As we know, ALL_SUBLINK/ANY_SUBLINK combine results across tuples
produced by the subplan using AND/OR semantics. ROWCOMPARE_SUBLINK
doesn't allow multiple tuples from the subplan. So we can tell whether
the subplan is strict or not by checking its testexpr, leveraging the
existing codes in find_nonnullable_rels/vars_walker. Below is an
example:
# explain (costs off)
select * from a left join b on a.i = b.i where b.i = ANY (select i from c
where c.j = b.j);
QUERY PLAN
-----------------------------------
Hash Join
Hash Cond: (b.i = a.i)
-> Seq Scan on b
Filter: (SubPlan 1)
SubPlan 1
-> Seq Scan on c
Filter: (j = b.j)
-> Hash
-> Seq Scan on a
(9 rows)
BTW, this change would also have impact on SpecialJoinInfo, especially
for the case of identity 3, because find_nonnullable_rels() is also used
to determine strict_relids from the clause. As an example, consider
select * from a left join b on a.i = b.i
left join c on b.j = ANY (select j from c);
Now we can know the SubPlan is strict for 'b'. Thus the b/c join would
be considered to be legal.
Thanks
Richard
Attachments:
v1-0001-Check-SubPlan-clause-for-nonnullable-rels-Vars.patchapplication/octet-stream; name=v1-0001-Check-SubPlan-clause-for-nonnullable-rels-Vars.patchDownload
From 79f59201c076b9e7f9e6370683e8f0b324931d84 Mon Sep 17 00:00:00 2001
From: pgsql-guo <richard.guo@openpie.com>
Date: Sun, 11 Sep 2022 10:32:52 +0000
Subject: [PATCH v1] Check SubPlan clause for nonnullable rels/Vars
---
src/backend/optimizer/util/clauses.c | 14 +++++++
src/test/regress/expected/join.out | 56 ++++++++++++++++++++++++++++
src/test/regress/sql/join.sql | 28 ++++++++++++++
3 files changed, 98 insertions(+)
diff --git a/src/backend/optimizer/util/clauses.c b/src/backend/optimizer/util/clauses.c
index 5c54171fee..c525ad9f71 100644
--- a/src/backend/optimizer/util/clauses.c
+++ b/src/backend/optimizer/util/clauses.c
@@ -1534,6 +1534,13 @@ find_nonnullable_rels_walker(Node *node, bool top_level)

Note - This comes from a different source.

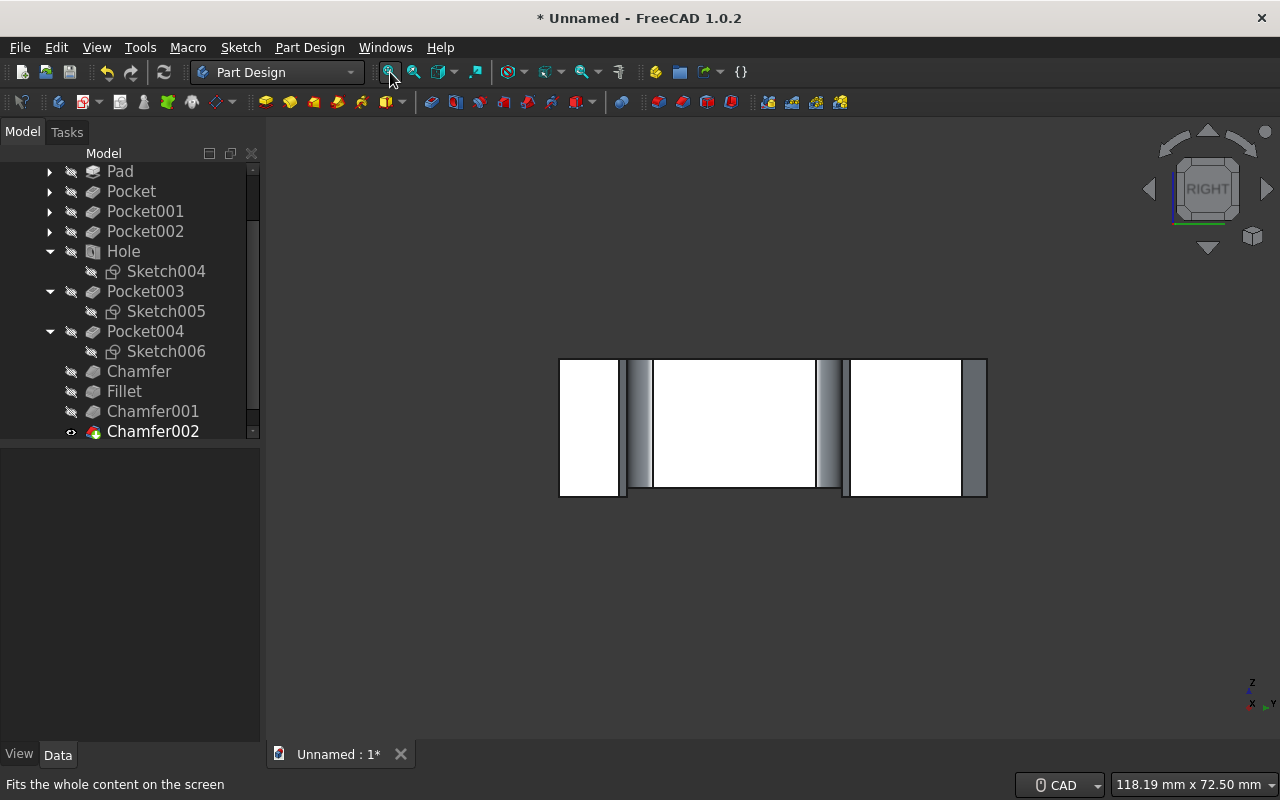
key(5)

bms_membership(phv->phrels) == BMS_SINGLETON)
result = bms_add_members(result, phv->phrels);
}
+ else if (IsA(node, SubPlan))
+ {
+ /* descend through testexpr for ALL/ANY/ROWCOMPARE */
+ SubPlan *splan = (SubPlan *) node;
+
+ result = find_nonnullable_rels_walker(splan->testexpr, top_level);
+ }
return result;
}
@@ -1742,6 +1749,13 @@ find_nonnullable_vars_walker(Node *node, bool top_level)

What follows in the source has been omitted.